» Your assignment: The listing, minus its pictures, is to be given again exactly.

:: Material to process

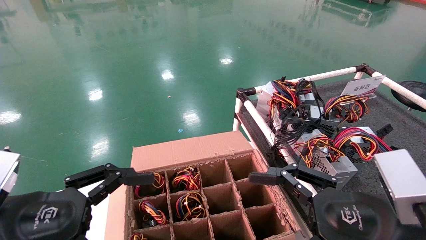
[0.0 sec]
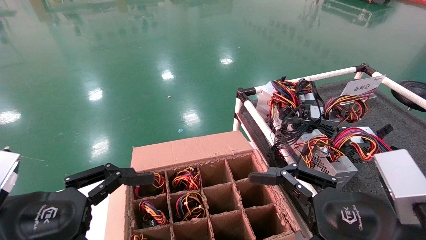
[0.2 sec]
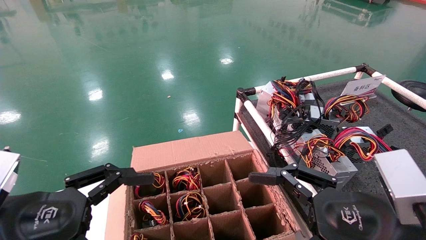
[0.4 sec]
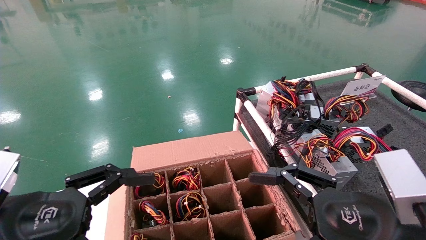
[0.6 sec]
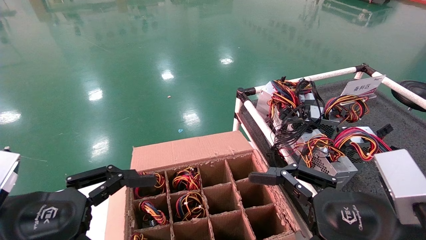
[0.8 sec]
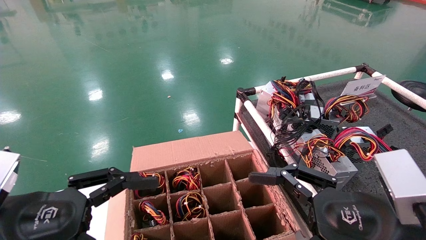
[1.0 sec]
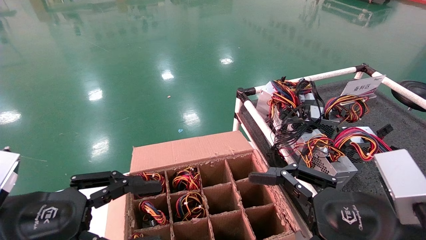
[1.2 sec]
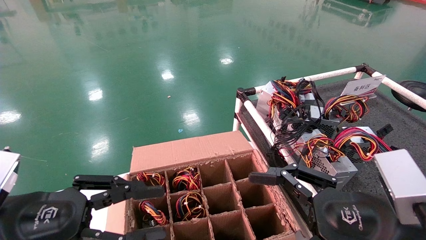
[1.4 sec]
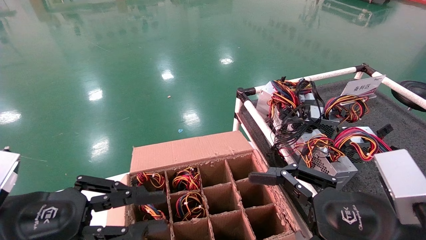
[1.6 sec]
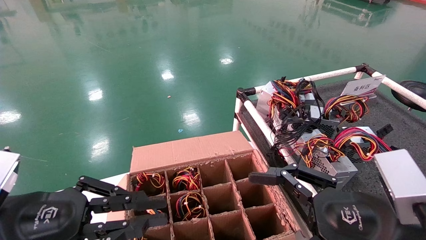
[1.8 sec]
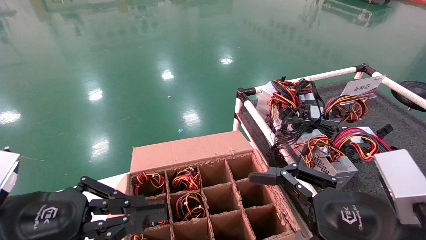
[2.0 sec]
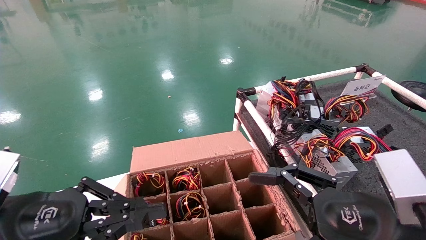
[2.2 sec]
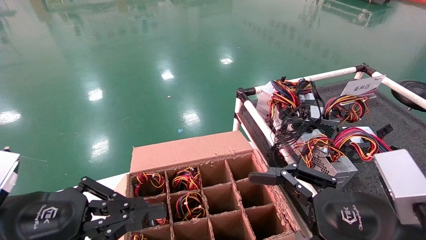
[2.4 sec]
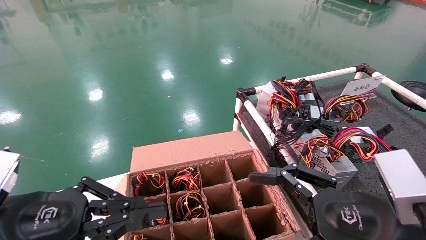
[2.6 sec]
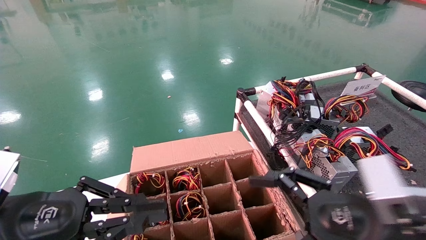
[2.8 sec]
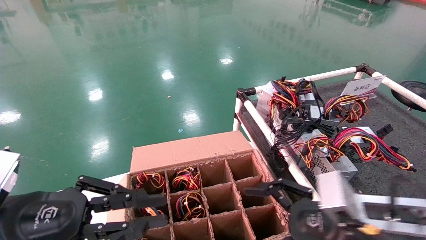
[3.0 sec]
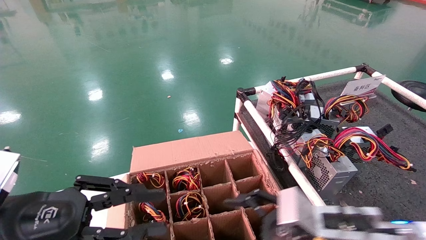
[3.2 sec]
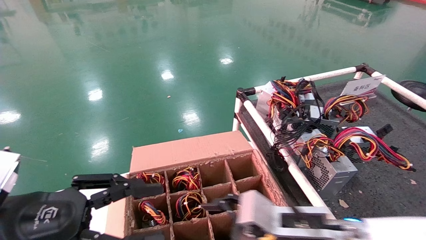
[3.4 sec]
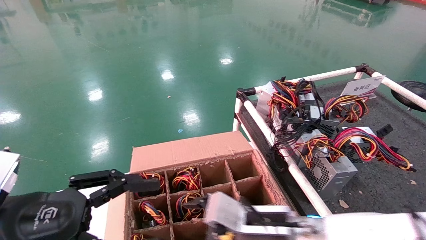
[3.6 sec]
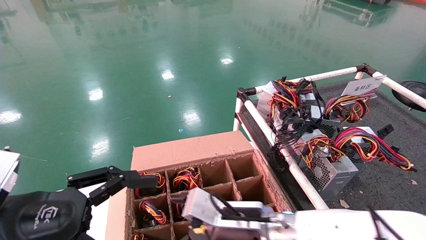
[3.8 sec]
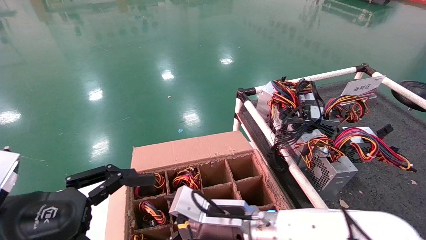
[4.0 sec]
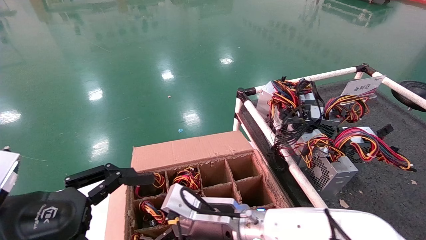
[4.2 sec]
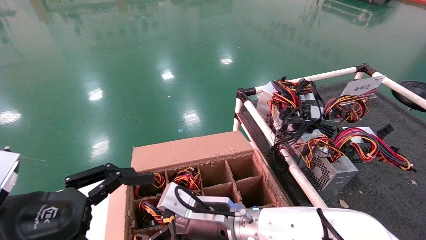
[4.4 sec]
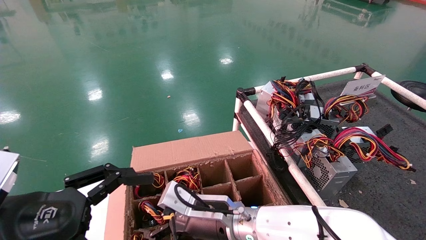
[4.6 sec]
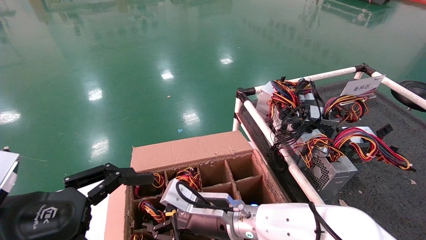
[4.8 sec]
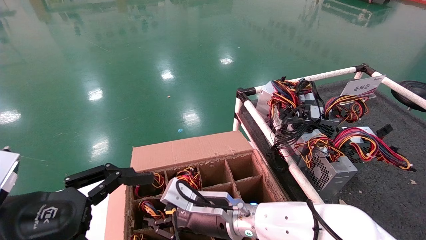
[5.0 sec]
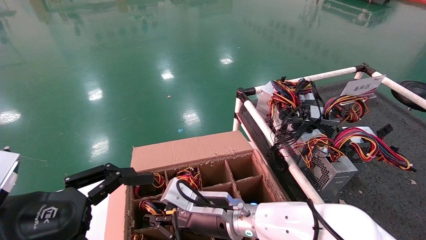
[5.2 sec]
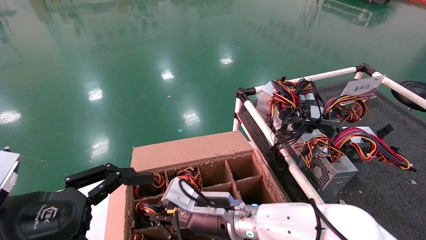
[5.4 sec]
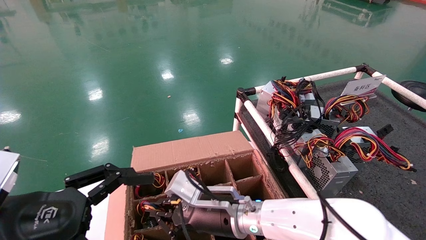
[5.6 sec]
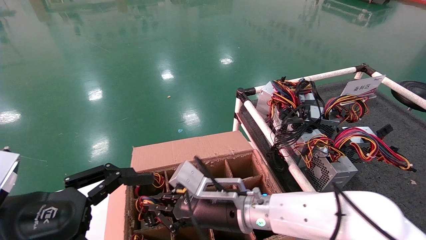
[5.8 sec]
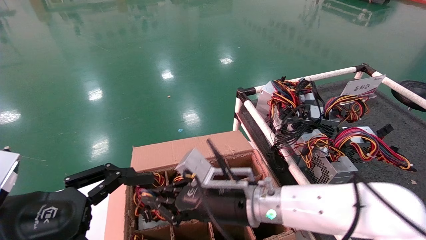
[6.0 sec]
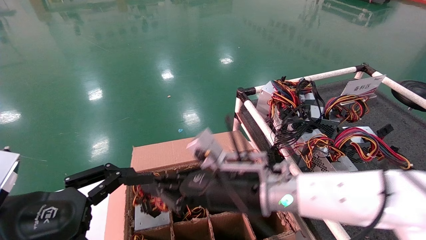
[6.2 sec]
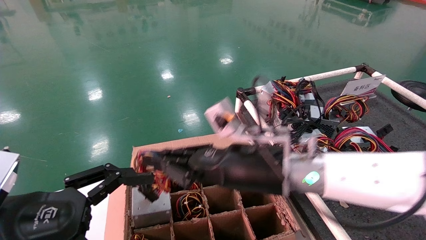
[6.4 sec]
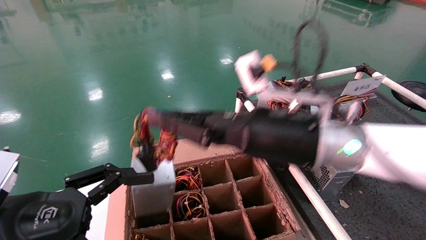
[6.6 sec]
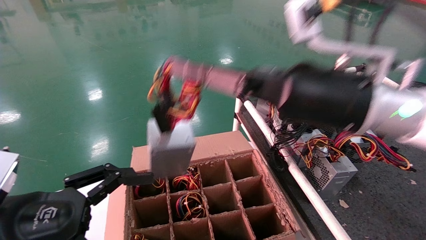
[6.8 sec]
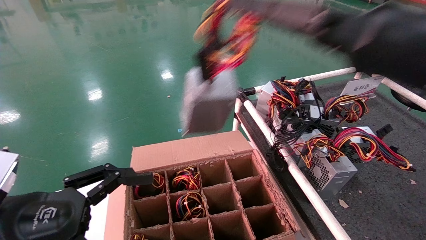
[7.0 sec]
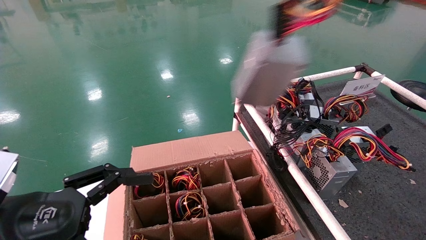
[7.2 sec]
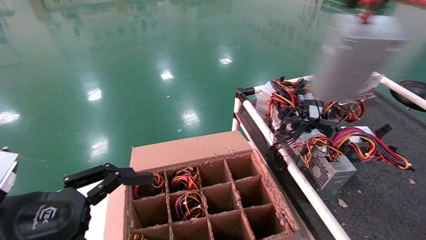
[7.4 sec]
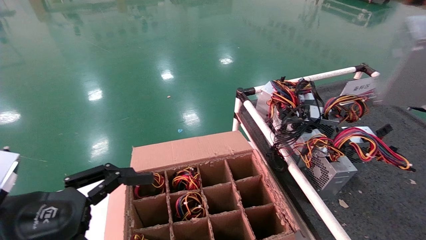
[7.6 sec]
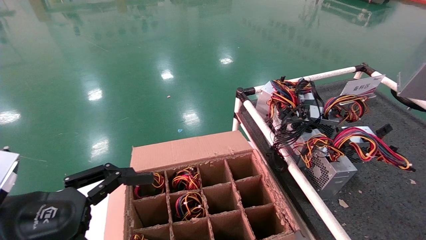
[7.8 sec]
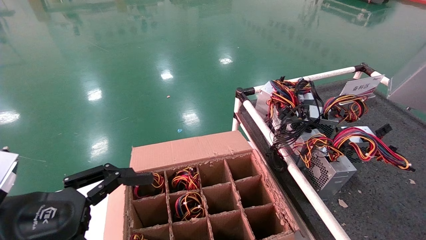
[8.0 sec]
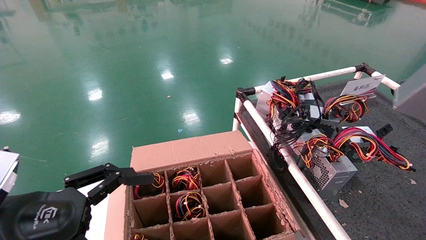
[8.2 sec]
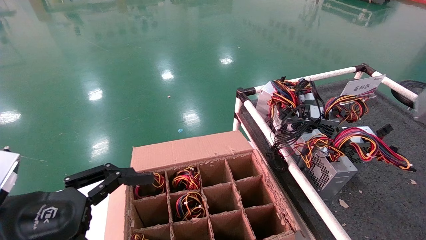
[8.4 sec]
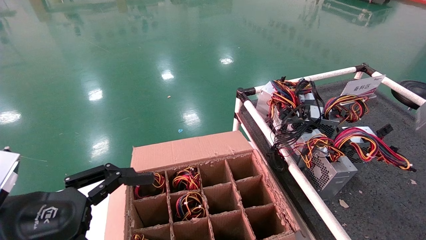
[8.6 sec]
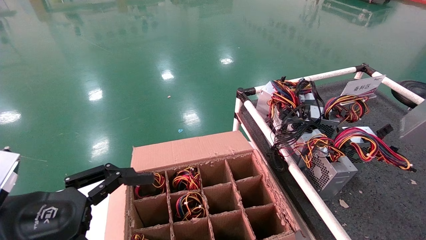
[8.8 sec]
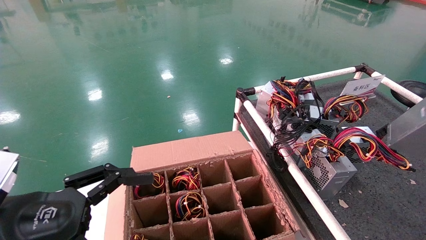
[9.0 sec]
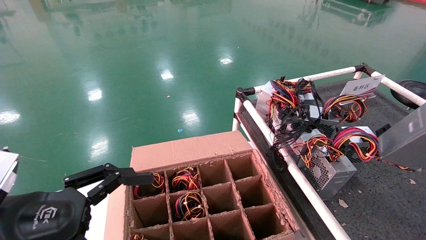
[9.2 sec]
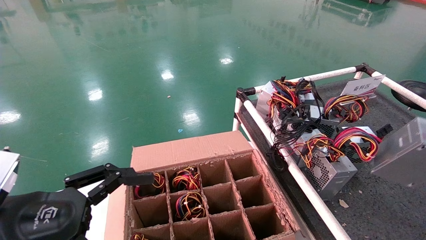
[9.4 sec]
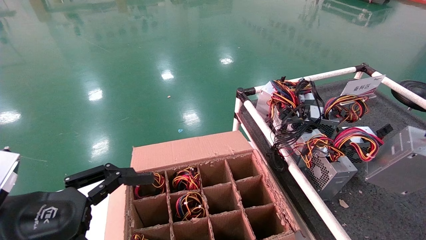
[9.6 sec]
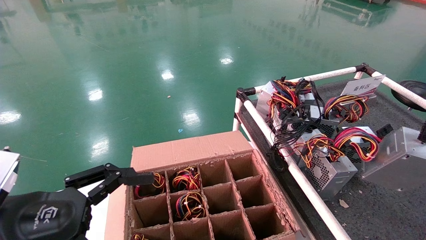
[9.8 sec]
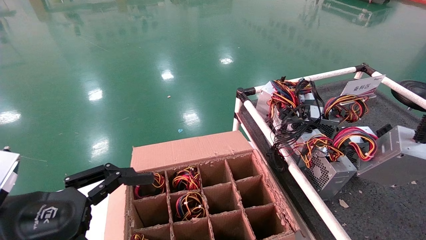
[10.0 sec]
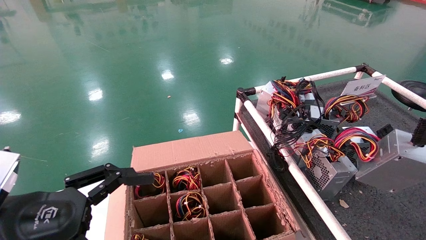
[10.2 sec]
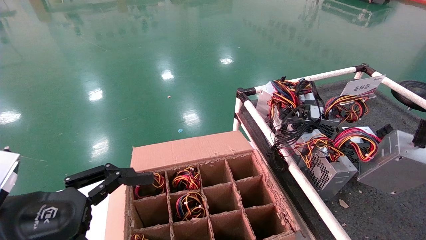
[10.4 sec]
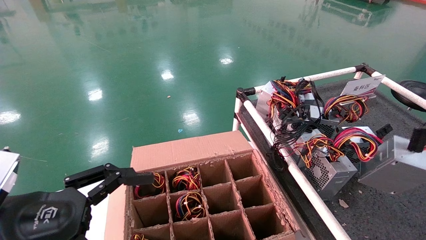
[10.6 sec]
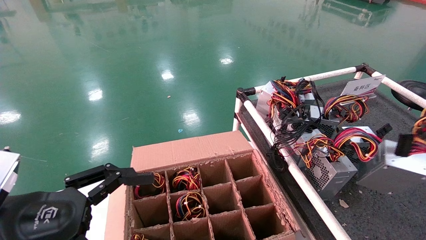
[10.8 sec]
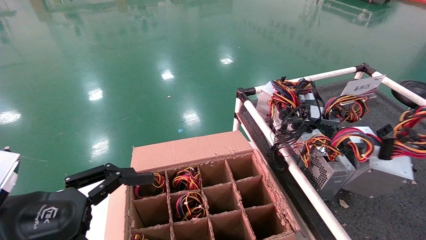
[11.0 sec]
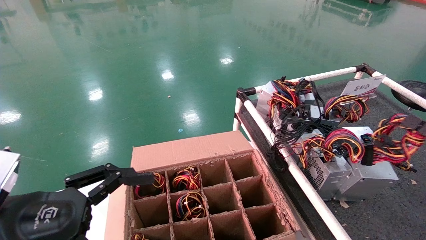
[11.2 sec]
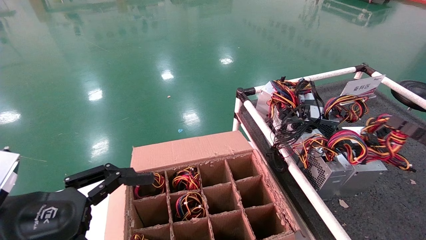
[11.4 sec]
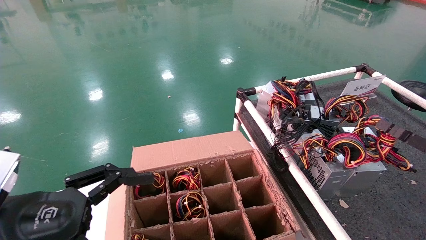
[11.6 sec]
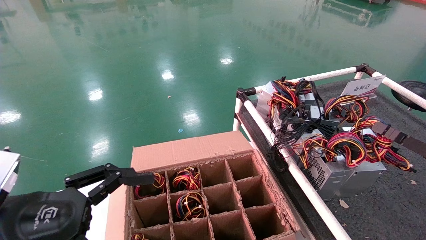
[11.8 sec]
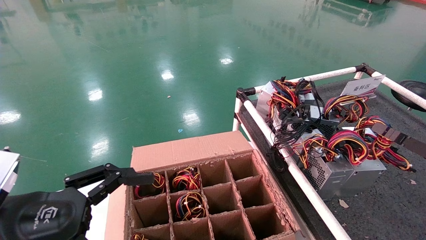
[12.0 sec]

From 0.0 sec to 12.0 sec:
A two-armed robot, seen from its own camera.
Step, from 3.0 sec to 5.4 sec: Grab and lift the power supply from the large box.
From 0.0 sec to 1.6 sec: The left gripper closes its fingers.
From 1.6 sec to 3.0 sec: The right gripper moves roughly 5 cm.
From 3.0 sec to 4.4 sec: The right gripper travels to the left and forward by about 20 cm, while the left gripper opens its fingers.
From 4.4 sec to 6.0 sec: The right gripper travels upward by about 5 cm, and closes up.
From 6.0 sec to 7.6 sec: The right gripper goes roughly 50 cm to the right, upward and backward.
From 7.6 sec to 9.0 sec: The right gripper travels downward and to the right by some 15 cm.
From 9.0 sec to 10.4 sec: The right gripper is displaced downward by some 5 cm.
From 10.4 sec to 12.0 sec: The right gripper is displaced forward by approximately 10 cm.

::::

» Result of this task:
[0.0 sec]
[0.2 sec]
[0.4 sec]
[0.6 sec]
[0.8 sec]
[1.0 sec]
[1.2 sec]
[1.4 sec]
[1.6 sec]
[1.8 sec]
[2.0 sec]
[2.2 sec]
[2.4 sec]
[2.6 sec]
[2.8 sec]
[3.0 sec]
[3.2 sec]
[3.4 sec]
[3.6 sec]
[3.8 sec]
[4.0 sec]
[4.2 sec]
[4.4 sec]
[4.6 sec]
[4.8 sec]
[5.0 sec]
[5.2 sec]
[5.4 sec]
[5.6 sec]
[5.8 sec]
[6.0 sec]
[6.2 sec]
[6.4 sec]
[6.6 sec]
[6.8 sec]
[7.0 sec]
[7.2 sec]
[7.4 sec]
[7.6 sec]
[7.8 sec]
[8.0 sec]
[8.2 sec]
[8.4 sec]
[8.6 sec]
[8.8 sec]
[9.0 sec]
[9.2 sec]
[9.4 sec]
[9.6 sec]
[9.8 sec]
[10.0 sec]
[10.2 sec]
[10.4 sec]
[10.6 sec]
[10.8 sec]
[11.0 sec]
[11.2 sec]
[11.4 sec]
[11.6 sec]
[11.8 sec]
[12.0 sec]

From 0.0 sec to 12.0 sec:
A two-armed robot, seen from its own camera.
Step, from 3.0 sec to 5.4 sec: Grab and lift the power supply from the large box.
From 0.0 sec to 1.6 sec: The left gripper closes its fingers.
From 1.6 sec to 3.0 sec: The right gripper moves roughly 5 cm.
From 3.0 sec to 4.4 sec: The right gripper travels to the left and forward by about 20 cm, while the left gripper opens its fingers.
From 4.4 sec to 6.0 sec: The right gripper travels upward by about 5 cm, and closes up.
From 6.0 sec to 7.6 sec: The right gripper goes roughly 50 cm to the right, upward and backward.
From 7.6 sec to 9.0 sec: The right gripper travels downward and to the right by some 15 cm.
From 9.0 sec to 10.4 sec: The right gripper is displaced downward by some 5 cm.
From 10.4 sec to 12.0 sec: The right gripper is displaced forward by approximately 10 cm.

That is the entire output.